Если все клетки были задуманы прежде всего как вместилище той самой генетической формулы, то что они есть — не только все тождественные индивиды, но и все клетки того самого индивида, — как не раковое распространение этой базовой формулы? Метастаз, который начался на уровне промышленной продукции, закончился на уровне клеточной организации. Бесполезно спрашивать себя, является ли рак болезнью капиталистической эры. Именно болезнь руководит на самом деле всей современной патологией, потому что она - сама форма вирулентности кода: крайняя избыточность тех же сигналов, крайняя избыточность тех же клеток.
Вместе с необратимым технологическим "прогрессом" меняется сцена тела: когда мы движемся от загара на солнце, что уже соответствует искусственному использованию естественной среды, т.е. превращению этой среды в телесный протез (само тело становится симулированным, но где его истина?), - до загара в домашних условиях с помощью йодной лампы (это еще добрая старая механическая техника) — к загару с помощью таблеток и гормональных препаратов (химический протез, который проглатывается) — и, в заключение, к загару, полученному в результате вмешательства в генетическую формулу (стадия несравненно более продвинутая, но речь идет все же о протезе: просто он окончательно интегрирован, и при этом не задействованы ни поверхность, ни отверстия тела), мы имеем дело с различными типами тела. Метаморфозы испытывает вся общая схема. Традиционный протез, который предназначен для восстановления пораженного органа, ничего не меняет в общей модели тела. Пересаженные органы также принадлежат еще к этому порядку. Но что можно сказать о ментальном моделировании с помощью психотропных средств и наркотиков? Они изменяют саму сцену тела. Психотропное тело — это тело, смоделированное "изнутри", вне перспективного пространства репрезентации, зеркала и дискурса.
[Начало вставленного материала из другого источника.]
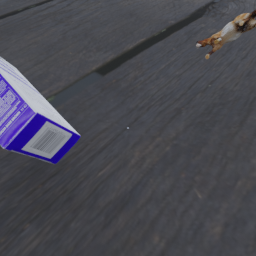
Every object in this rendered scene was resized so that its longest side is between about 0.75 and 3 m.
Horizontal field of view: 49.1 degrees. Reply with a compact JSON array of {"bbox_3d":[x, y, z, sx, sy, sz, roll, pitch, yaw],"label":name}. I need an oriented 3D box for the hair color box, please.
[{"bbox_3d":[-2.102,-0.506,5.010,0.794,1.340,2.451,-46,64,1],"label":"hair color box"}]

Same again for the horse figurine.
[{"bbox_3d":[2.683,-2.501,7.244,0.519,2.081,1.379,51,32,-10],"label":"horse figurine"}]
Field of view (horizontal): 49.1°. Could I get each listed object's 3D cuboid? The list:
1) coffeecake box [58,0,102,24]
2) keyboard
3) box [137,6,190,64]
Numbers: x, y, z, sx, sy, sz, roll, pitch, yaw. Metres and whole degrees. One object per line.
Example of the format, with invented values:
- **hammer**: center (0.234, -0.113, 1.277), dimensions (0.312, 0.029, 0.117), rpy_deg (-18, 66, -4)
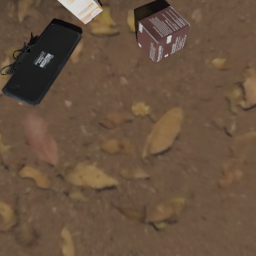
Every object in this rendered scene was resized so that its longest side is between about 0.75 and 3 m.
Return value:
- **coffeecake box**: center (-1.869, -4.428, 8.404), dimensions (0.792, 2.168, 1.664), rpy_deg (-32, 74, 16)
- **keyboard**: center (-2.684, -2.000, 8.633), dimensions (1.531, 0.583, 2.942), rpy_deg (24, 64, 3)
- **box**: center (1.070, -2.879, 8.709), dimensions (1.230, 1.021, 1.010), rpy_deg (-31, 69, -14)
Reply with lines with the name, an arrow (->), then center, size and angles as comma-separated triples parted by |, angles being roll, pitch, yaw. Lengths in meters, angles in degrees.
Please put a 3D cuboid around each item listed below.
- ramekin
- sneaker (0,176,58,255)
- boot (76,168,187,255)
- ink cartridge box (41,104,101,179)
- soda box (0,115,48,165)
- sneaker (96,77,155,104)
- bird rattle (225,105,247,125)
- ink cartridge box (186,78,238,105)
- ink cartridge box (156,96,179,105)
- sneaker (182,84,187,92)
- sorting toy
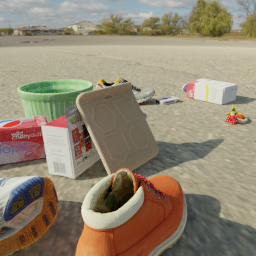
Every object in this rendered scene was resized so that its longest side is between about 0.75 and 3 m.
ramekin -> -2.332, -0.841, 9.348 | 2.403, 1.174, 2.403 | -1, 20, 0
sneaker -> -2.260, 1.472, 3.527 | 1.303, 1.113, 2.957 | -1, 10, 28
boot -> 0.217, 1.066, 3.932 | 0.957, 1.368, 2.552 | 9, 20, 27
ink cartridge box -> -1.078, 0.058, 6.385 | 0.718, 1.503, 1.712 | 6, 20, 25
soda box -> -3.130, 0.347, 6.529 | 2.531, 0.886, 0.802 | -8, 21, -21
sneaker -> -0.146, -1.551, 11.546 | 2.510, 1.031, 0.977 | 3, 20, 6
bird rattle -> 3.614, -0.390, 9.275 | 0.721, 0.498, 0.884 | 18, 25, 3
ink cartridge box -> 3.616, -1.601, 12.109 | 1.271, 0.731, 1.751 | -18, 27, -41
ink cartridge box -> 1.679, -1.158, 11.727 | 0.969, 0.180, 0.459 | -16, 25, -32
sneaker -> 3.225, -1.916, 13.593 | 1.201, 0.455, 0.526 | -18, 39, -29
sorting toy -> -0.185, 0.020, 6.236 | 0.348, 1.908, 1.766 | -20, 2, 43

Молчаливое, ментальное, уже молекулярное (и отнюдь не зеркальное) тело, испытывающее прямые метаболические превращения, без посредничества действия или взгляда, имманентное тело без изменений, без инсценировок, без трансцендентности, тело, обреченное на имплозивный метаболизм церебральных и эндокринных выделений, тело сенсорное, однако не чувствительное, в силу своей замкнутости исключительно на внутренних терминалах, а не на объектах перцепции (вот почему его можно запереть в "фиктивной", нулевой чувственности, достаточно лишь отсоединить его от его собственных сенсорных окончаний, не затрагивая окружающий мир), тело, уже однородное на этой стадии тактильной пластичности, ментальной гибкости, всестороннего психотропизма, уже близкое к ядерно-генетической манипуляции, то есть к абсолютной потере образа, тело, репрезентация которого невозможна ни для других, ни для него самого, тело, лишенное своего бытия и своего смысла вследствие превращения в генетическую форму или вследствие биохимической изменчивости: точка невозврата, апофеоз технологии, которая сама по себе стала интерстициальной и молекулярной.